Will she or won’t she? And, will she or won’t she what?
Those are just a couple of the questions on the minds of all engaged Park citizens, as we await the presentation of the Park Expense Projections for 2016 (The Park Finance Office’s formal name for the budget).
PFO head Valentina Abeja will present the budget to the Archons at four o’clock this afternoon and she has scheduled a press conference immediately following the presentation.
This will be Abeja’s first budget and many financial, social, and health experts have weighed in on what they believe should be included in the budget. The Mammalian Daily recently spoke to some of them about their hopes now that budget day is here. Below are their responses (Please note: responses have been edited due to space limitations):
Aintza Kanariar, Director of Public Relations, Department of Holidays, Festivals, and Celebrations: “I’m hoping for at least the same level of support that we’ve had in the past. Our celebrations are a fundamental part of Park life.”
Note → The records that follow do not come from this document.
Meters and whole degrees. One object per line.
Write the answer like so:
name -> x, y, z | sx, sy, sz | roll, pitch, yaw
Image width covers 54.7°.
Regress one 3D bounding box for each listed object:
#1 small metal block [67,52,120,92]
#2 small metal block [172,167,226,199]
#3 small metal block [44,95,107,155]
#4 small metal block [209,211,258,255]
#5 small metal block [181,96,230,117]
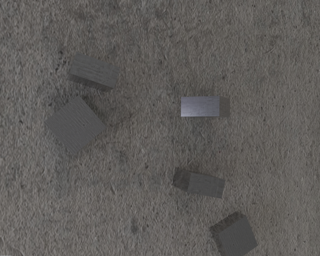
small metal block -> -0.080, -0.064, 0.366 | 0.050, 0.050, 0.025 | 17, 84, -19
small metal block -> 0.051, 0.073, 0.414 | 0.050, 0.050, 0.025 | 14, 85, -20
small metal block -> -0.102, -0.004, 0.371 | 0.050, 0.025, 0.050 | -42, 104, -15
small metal block -> 0.107, 0.158, 0.449 | 0.050, 0.025, 0.050 | -26, 99, -18
small metal block -> 0.061, -0.027, 0.407 | 0.050, 0.050, 0.025 | 0, 91, -63
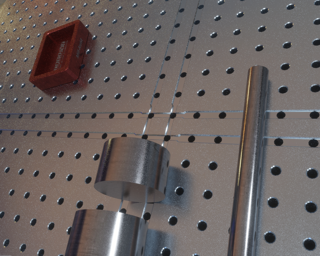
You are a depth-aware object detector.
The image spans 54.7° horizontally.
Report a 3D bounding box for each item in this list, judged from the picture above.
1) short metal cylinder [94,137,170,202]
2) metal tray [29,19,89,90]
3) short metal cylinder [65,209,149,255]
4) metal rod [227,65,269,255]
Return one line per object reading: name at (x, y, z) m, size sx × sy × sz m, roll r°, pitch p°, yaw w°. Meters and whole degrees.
short metal cylinder at (-0.031, 0.050, 0.358) m, size 0.080 × 0.080 × 0.050 m, roll -6°, pitch 59°, yaw 25°
metal tray at (-0.191, -0.140, 0.591) m, size 0.090 × 0.030 × 0.130 m, roll -11°, pitch 57°, yaw 22°
short metal cylinder at (-0.055, 0.121, 0.328) m, size 0.080 × 0.080 × 0.050 m, roll -6°, pitch 59°, yaw 25°
metal rod at (0.091, 0.062, 0.322) m, size 0.025 × 0.025 × 0.300 m, roll -1°, pitch 61°, yaw 28°

Wellington Whistlepig, president, Park Association of Shops and Services (PASS): “It may be too much to hope for, but we could use some official support, even one percent of the budget. We’ve been supporting The Park through tough times for years and an acknowledgement of that fact would go a long way.”
Kalliope Sun Bear, president, Weather Makers, Producers and Sellers Alliance of The Park (WMPSAP): “We made a number of presentations to the new PFO head and we felt she was receptive to what we were saying. I have every confidence that she will abide by some of our suggestions—in particular, that the Weather Office purchase weather produced by Park manufacturers.”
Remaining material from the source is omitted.